**Prompt**: The answer is to be an exact copy of the lines below running from the line with "if (p(i:i) /= s(i:i)) then" down to the line with "end program tiles</code>", both ends included, and nothing more.

──────── Exercise material ────────

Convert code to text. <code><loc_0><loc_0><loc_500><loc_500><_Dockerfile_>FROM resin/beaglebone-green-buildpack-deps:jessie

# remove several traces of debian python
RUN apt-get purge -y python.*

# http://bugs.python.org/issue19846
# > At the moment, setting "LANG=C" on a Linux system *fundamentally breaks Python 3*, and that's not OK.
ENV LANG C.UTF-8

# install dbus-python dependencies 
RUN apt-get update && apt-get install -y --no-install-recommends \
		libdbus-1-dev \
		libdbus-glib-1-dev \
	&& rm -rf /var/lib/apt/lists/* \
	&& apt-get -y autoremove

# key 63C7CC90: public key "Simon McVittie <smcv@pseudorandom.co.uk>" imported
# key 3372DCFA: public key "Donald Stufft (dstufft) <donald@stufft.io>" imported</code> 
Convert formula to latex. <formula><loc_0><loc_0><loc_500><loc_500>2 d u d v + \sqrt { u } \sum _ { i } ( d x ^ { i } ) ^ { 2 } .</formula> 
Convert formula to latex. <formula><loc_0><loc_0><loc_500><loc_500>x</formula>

────────
──────── Exercise material ────────

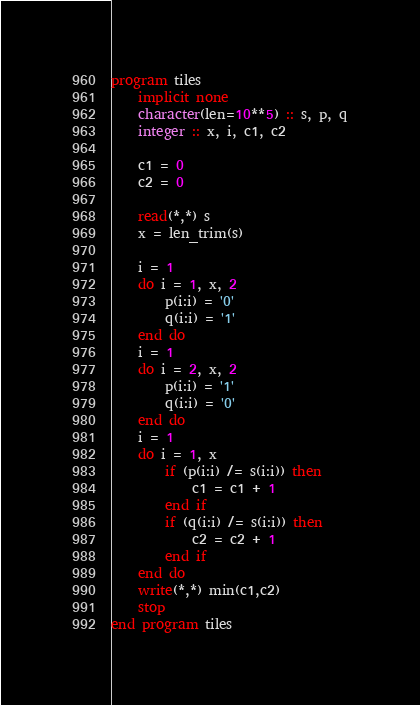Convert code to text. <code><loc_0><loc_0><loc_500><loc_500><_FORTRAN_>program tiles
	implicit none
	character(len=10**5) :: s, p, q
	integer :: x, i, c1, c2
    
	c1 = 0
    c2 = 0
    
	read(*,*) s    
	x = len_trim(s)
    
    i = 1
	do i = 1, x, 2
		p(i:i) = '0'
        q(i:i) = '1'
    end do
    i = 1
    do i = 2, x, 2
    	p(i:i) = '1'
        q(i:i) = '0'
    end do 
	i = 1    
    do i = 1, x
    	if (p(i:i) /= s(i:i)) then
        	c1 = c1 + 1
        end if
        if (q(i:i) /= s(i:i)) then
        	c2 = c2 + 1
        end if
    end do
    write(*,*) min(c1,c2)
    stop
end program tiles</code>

────────

**Expected output**:
    	if (p(i:i) /= s(i:i)) then
        	c1 = c1 + 1
        end if
        if (q(i:i) /= s(i:i)) then
        	c2 = c2 + 1
        end if
    end do
    write(*,*) min(c1,c2)
    stop
end program tiles</code>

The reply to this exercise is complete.